# Dan Abnett and Chris Wraight interviews from BL Weekender



## Anakwanar (Sep 26, 2011)

Guys for you - if you interested. I was at BL Weekender and was interviewing Dan Abnett; Chris Wraight and David Guymer for my community. To date 2 is done and Guymer to follow soon 
Chris Wraight interview - https://www.youtube.com/watch?v=yr8v6Gr3Pp4
and Abnett's - https://www.youtube.com/watch?v=IRtZ...gEBZ4MvgfgfUWw or here https://www.youtube.com/watch?v=O8PRl0nSh2I

Enjoy - hope you and your friends gonna liked it :grin:


----------



## Phoebus (Apr 17, 2010)

Thanks, man!


----------



## Vitarus (Apr 9, 2012)

Sounds like Penitent is a long way off.

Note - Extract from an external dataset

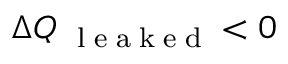Convert formula to latex. <formula><loc_0><loc_0><loc_500><loc_500>\Delta Q _ { l e a k e d } < 0</formula> 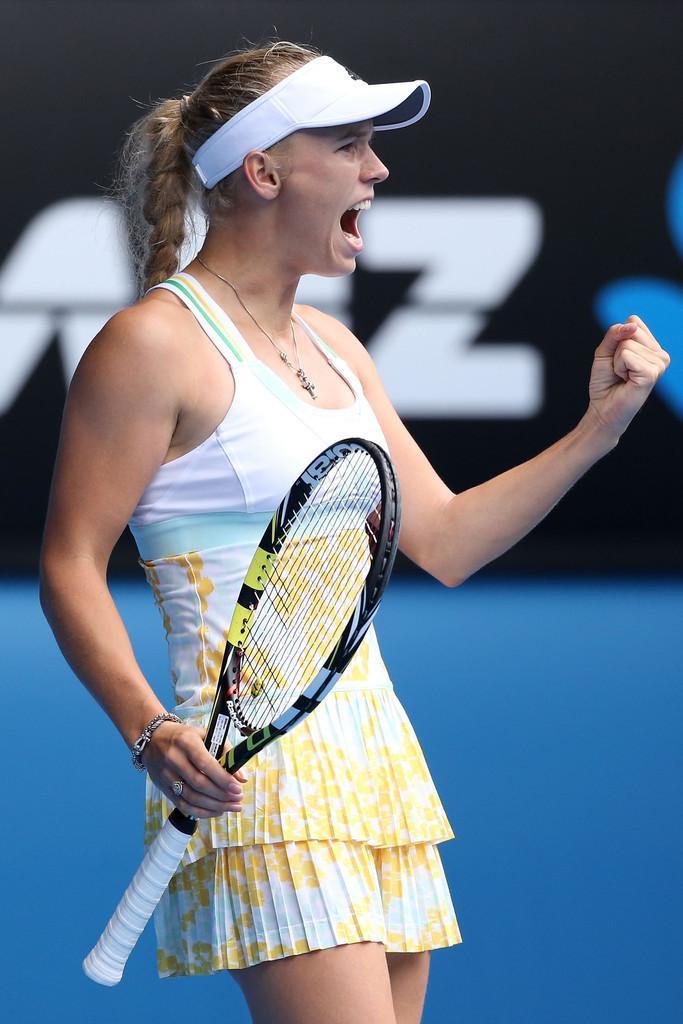Could you give a brief overview of what you see in this image? Here we can see a woman standing and screaming a loud,and holding a racket in her hands.

That sucks.


----------



## mal310 (May 28, 2010)

Thanks, good interviews.


----------



## Vaz (Mar 19, 2008)

Chris Wraight has really dark blue eyes man... I can't stop staring into them 

Edit; surprised you didn't ask about Pearl Harbour; The Movie; The Book; Part 2. Would love to see Interceptor city.


----------



## Anakwanar (Sep 26, 2011)

Vaz - i actually asked him the stuff my community wanted answers for :grin: Where was only 2 questions which were mine


----------